I went to the website to see how it should be installed as soon as I first hooked it up. It's right, but I can take a picture tonight when I'm home to show.
It just doesn't seem to be letting any water through it.


----------



## davescrews (Dec 11, 2008)

If the line was pressurized while the zip drip was closed it can some times remain closed. Undo the line to relieve pressure and turn the zip drip on and off and you should be fine.


----------



## Pumilo (Sep 4, 2010)

davescrews said:


> If the line was pressurized while the zip drip was closed it can some times remain closed. Undo the line to relieve pressure and turn the zip drip on and off and you should be fine.

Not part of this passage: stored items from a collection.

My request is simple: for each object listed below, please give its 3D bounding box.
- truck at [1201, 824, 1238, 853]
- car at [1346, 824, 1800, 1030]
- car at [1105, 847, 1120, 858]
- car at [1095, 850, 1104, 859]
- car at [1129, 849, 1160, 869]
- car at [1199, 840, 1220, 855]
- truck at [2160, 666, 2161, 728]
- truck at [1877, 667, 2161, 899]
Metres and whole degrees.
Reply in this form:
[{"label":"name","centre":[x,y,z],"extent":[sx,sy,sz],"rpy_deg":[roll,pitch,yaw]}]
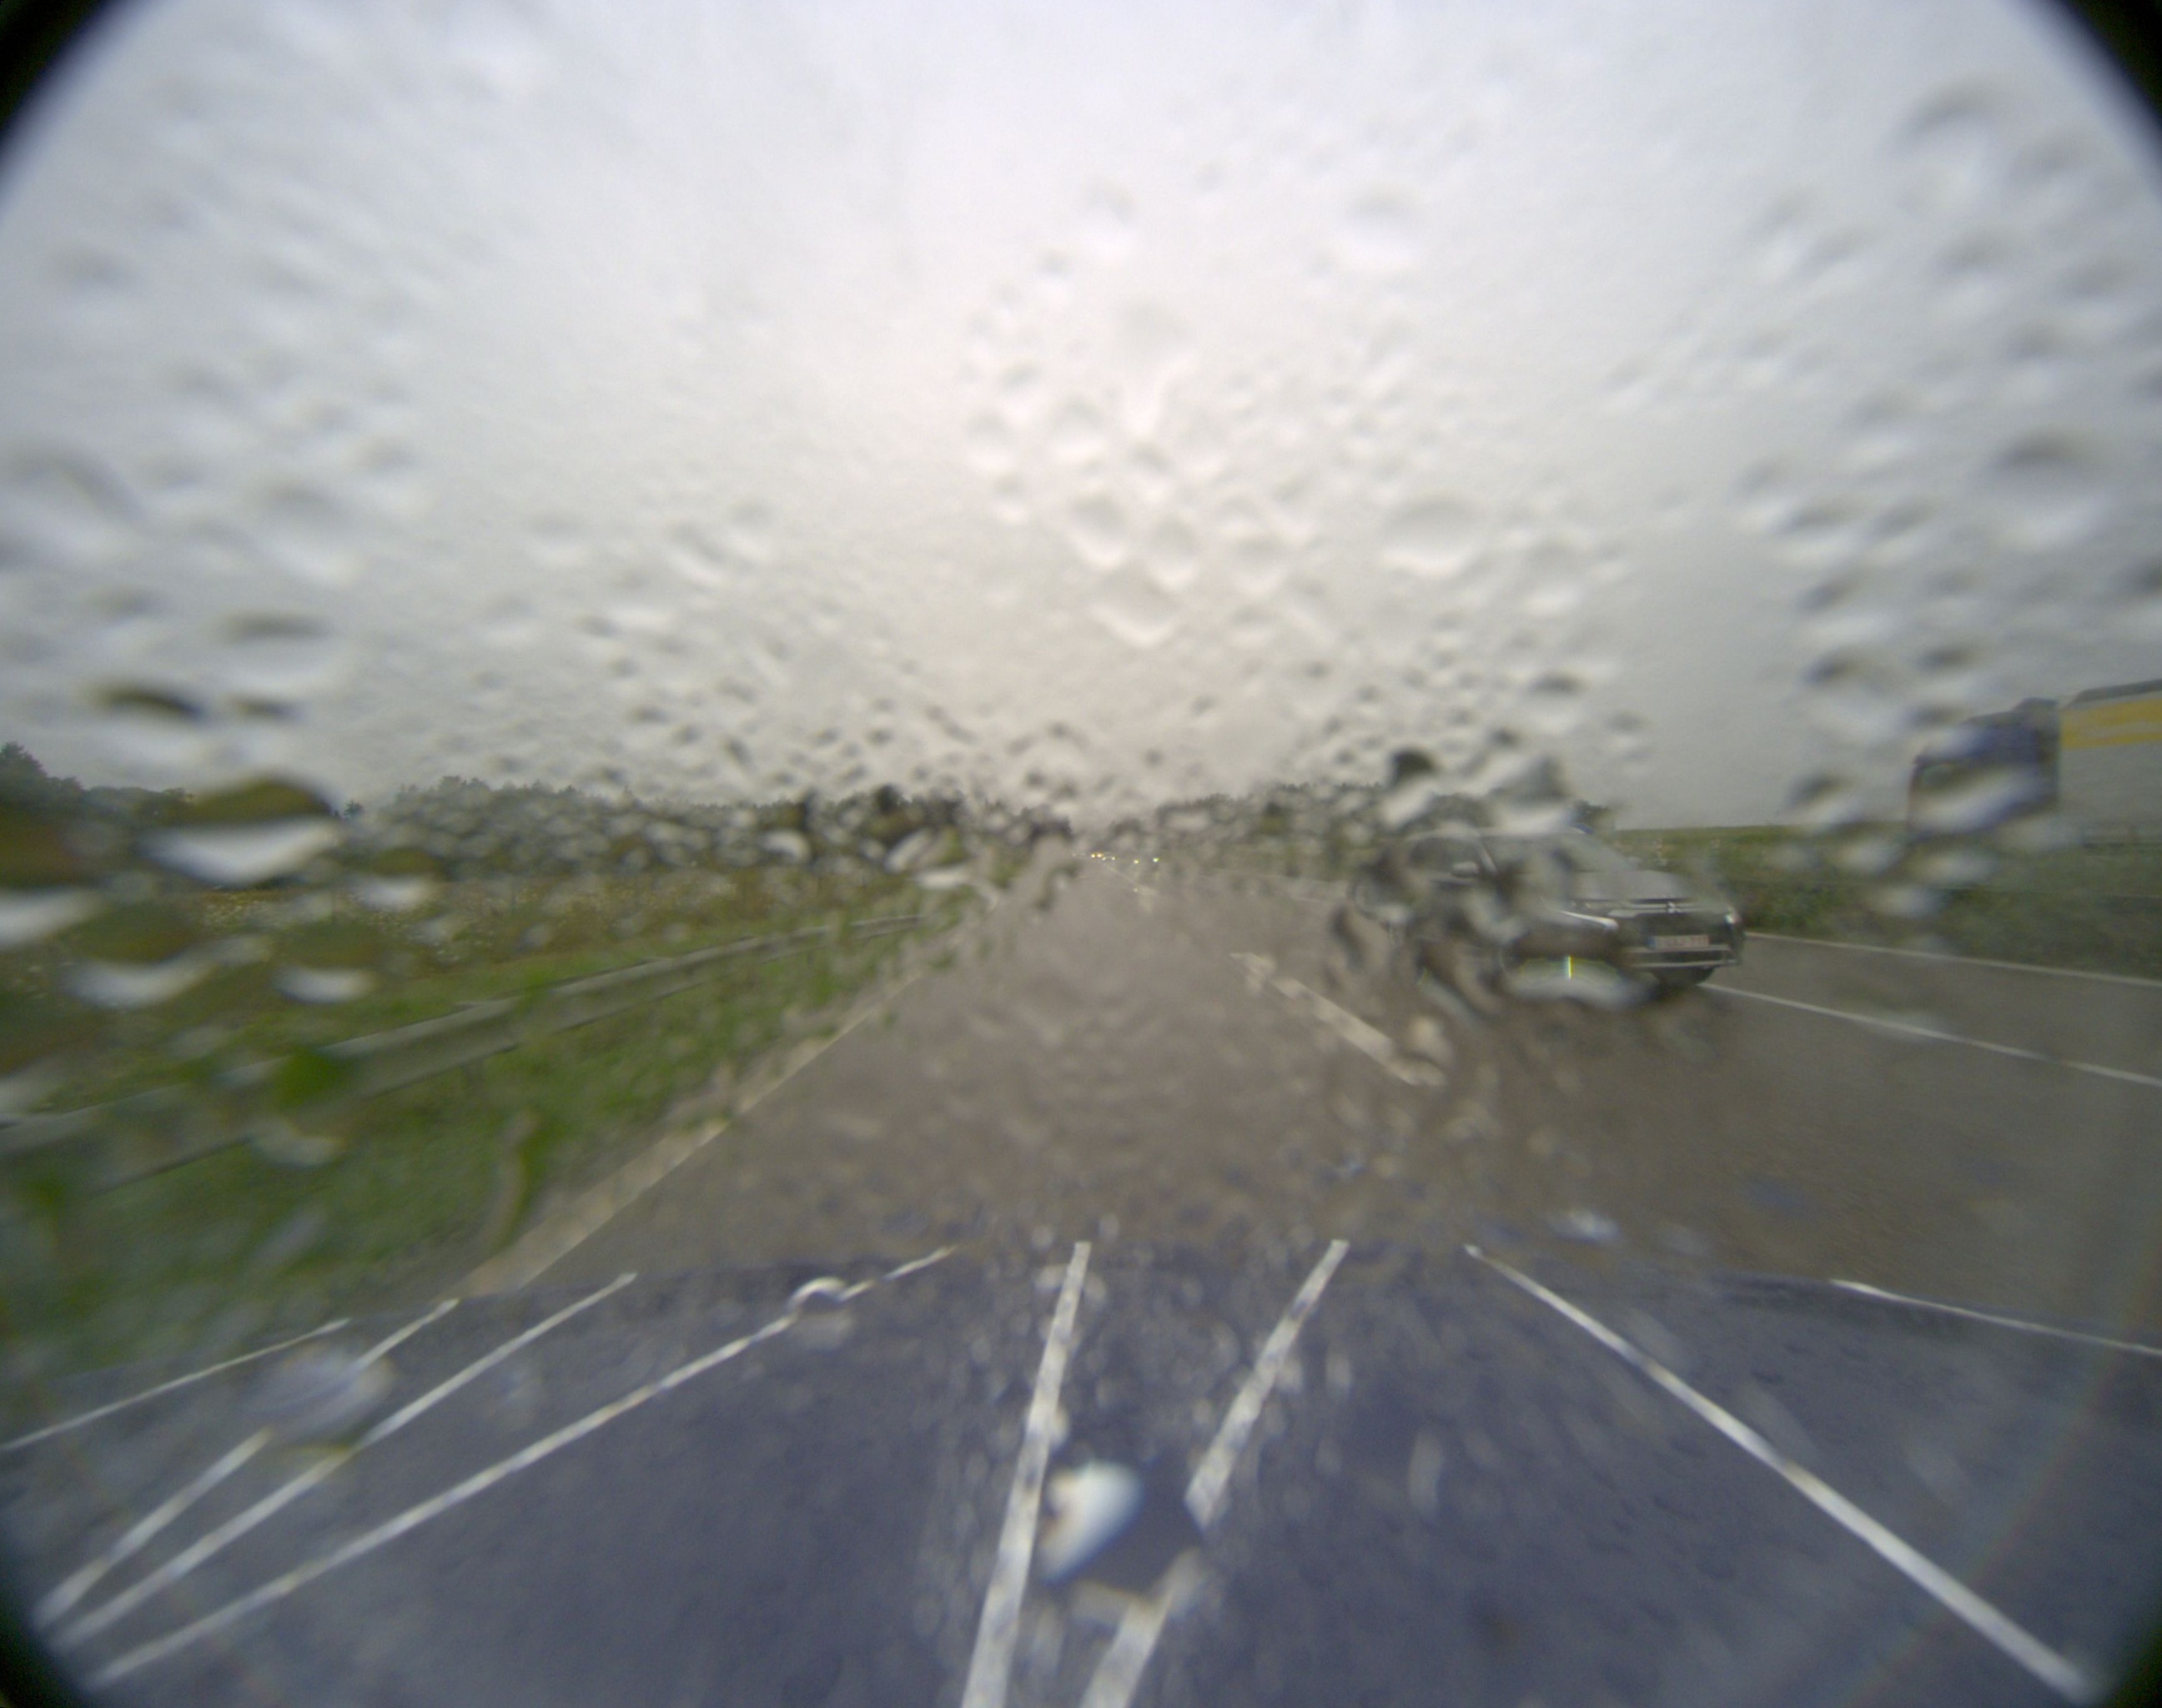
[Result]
[{"label":"truck","centre":[20.960,-2.352,115.845],"extent":[3.202,3.943,13.812],"rpy_deg":[-4,1,1]},{"label":"car","centre":[4.952,0.579,8.807],"extent":[1.867,1.625,5.100],"rpy_deg":[-2,1,-1]},{"label":"car","centre":[4.830,-0.291,115.771],"extent":[2.150,1.627,4.595],"rpy_deg":[-1,1,1]},{"label":"car","centre":[4.387,0.116,181.053],"extent":[1.998,2.001,4.642],"rpy_deg":[0,-1,3]},{"label":"car","centre":[4.911,0.389,59.061],"extent":[2.099,1.445,4.595],"rpy_deg":[-1,1,1]},{"label":"car","centre":[17.549,-0.886,103.923],"extent":[2.110,1.865,4.531],"rpy_deg":[-3,1,1]},{"label":"truck","centre":[19.780,-1.225,5.179],"extent":[3.202,3.943,15.317],"rpy_deg":[-4,1,1]},{"label":"truck","centre":[19.996,-1.318,14.178],"extent":[3.202,3.944,6.662],"rpy_deg":[-4,1,1]}]

Sounds like a "vapor-lock" on an old 60's pick-up truck. I wondered if it might be that but haven't hooked mine up.


----------



## J Teezy (Jan 25, 2012)

here's how i have mine hooked up and is the way Marty diagrams it to be hooked up


----------



## jeeperrs (Jan 14, 2010)

Send him an email. He is great to work with.


----------



## Boondoggle (Dec 9, 2007)

davescrews said:


> If the line was pressurized while the zip drip was closed it can some times remain closed. Undo the line to relieve pressure and turn the zip drip on and off and you should be fine.

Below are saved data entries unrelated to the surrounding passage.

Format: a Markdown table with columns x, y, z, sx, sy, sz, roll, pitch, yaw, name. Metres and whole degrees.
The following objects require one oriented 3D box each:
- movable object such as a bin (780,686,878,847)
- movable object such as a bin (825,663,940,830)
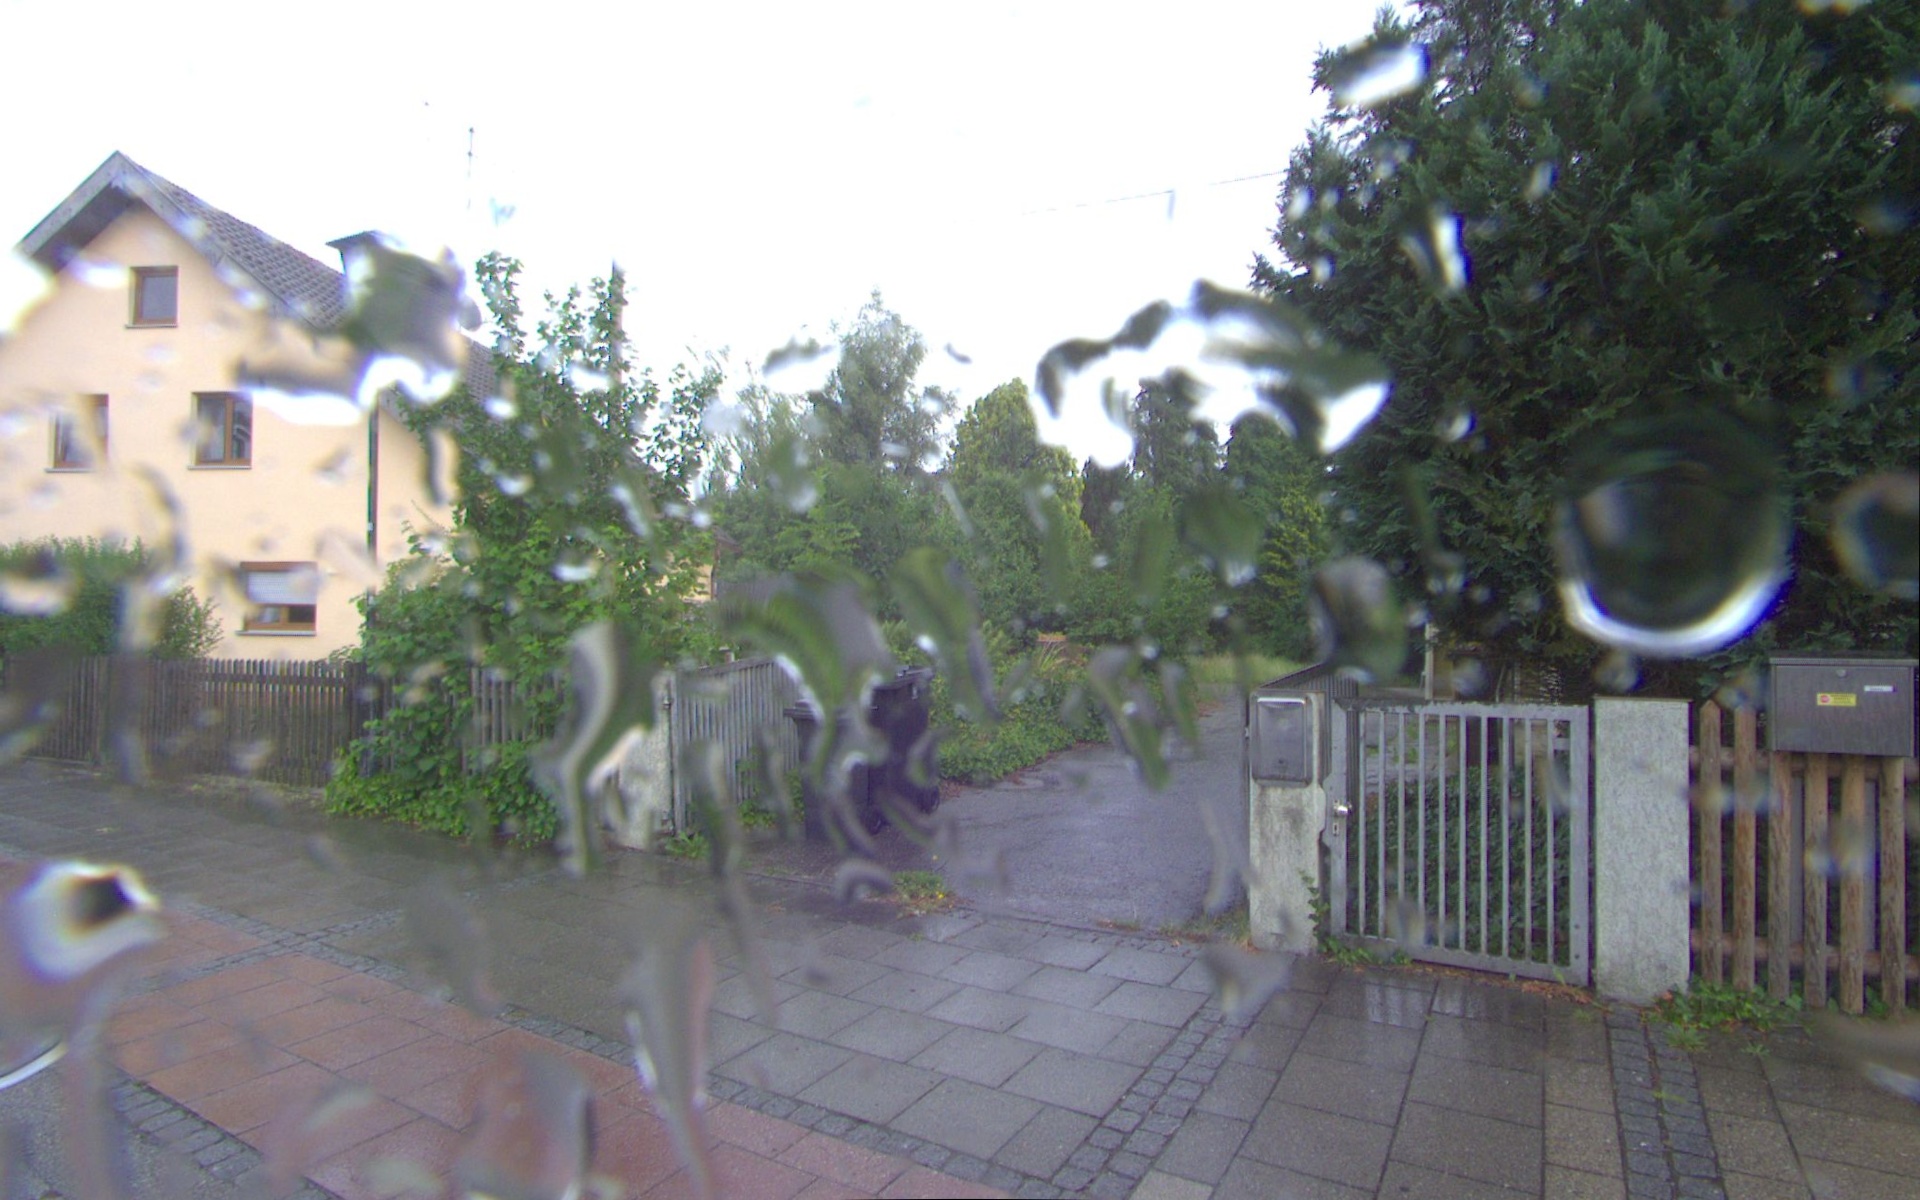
| x | y | z | sx | sy | sz | roll | pitch | yaw | name |
| --- | --- | --- | --- | --- | --- | --- | --- | --- | --- |
| -0.847 | 1.054 | 6.495 | 0.440 | 0.948 | 0.432 | -1 | 1 | 33 | movable object such as a bin |
| -0.536 | 0.990 | 6.999 | 0.545 | 1.054 | 0.574 | -1 | 1 | 33 | movable object such as a bin |

This happened the first time I used mine and confused me a bit. It has never happened since. Provided you have everything hooked up that could be the issue.


----------



## motydesign (Feb 27, 2011)

J Teezy said:


> here's how i have mine hooked up and is the way Marty diagrams it to be hooked up


Teezy,

this is actually hooked up incorrectly. in fact it is some what ineffective in its current location.
the T connected to the line needs to be removed and placed at the highest location in the system. then a home run line from that high point to the zip drip.
Note, the solenoid is a normally open (meaning when power is on to the pump, the valve is closed)


----------



## J Teezy (Jan 25, 2012)

hmmm. Well the T came connected to the zip drip valve. And i'm pretty sure i sent marty a pick of it setup when i set it up and he said it was correct. I'll double check with him and see what he says. My system works fine though. Mist flows out the nozzle as soon as the pump kicks on and cuts off without a drip when it goes off

here is his diagram from his own instructions which to me looks exactly like i have mine setup

http://www.mistking.com/support/misting_system_instructions.pdf

scroll down to the picture of zip drip installation

Your diagram insists that you have two bulkheads or two ends of hose in the reservoir. Your setup may work, but i'm pretty sure mine is done correctly via marty's pictures on his website in the instructions. I put out the email to him we'll see what he says

Here is a paint picture of my whole setup


----------



## motydesign (Feb 27, 2011)

ok, i see what you did the zip drip looked like the zip drip was going back to the res out side of the picture. i personally dont like the zip on the bottom of the res as it gives a bit more head pressure to that line than if you go to the top of the res. this allows the system to literally drop all pressure instantly rather than fight the pressure of the reservoir fluid.


----------



## fishieness (Jun 26, 2009)

Hmm. I definitely did have it set up wrong. I didn't get that it had to be a loop from my original readings.
I'll try it again. Thanks everyone!


----------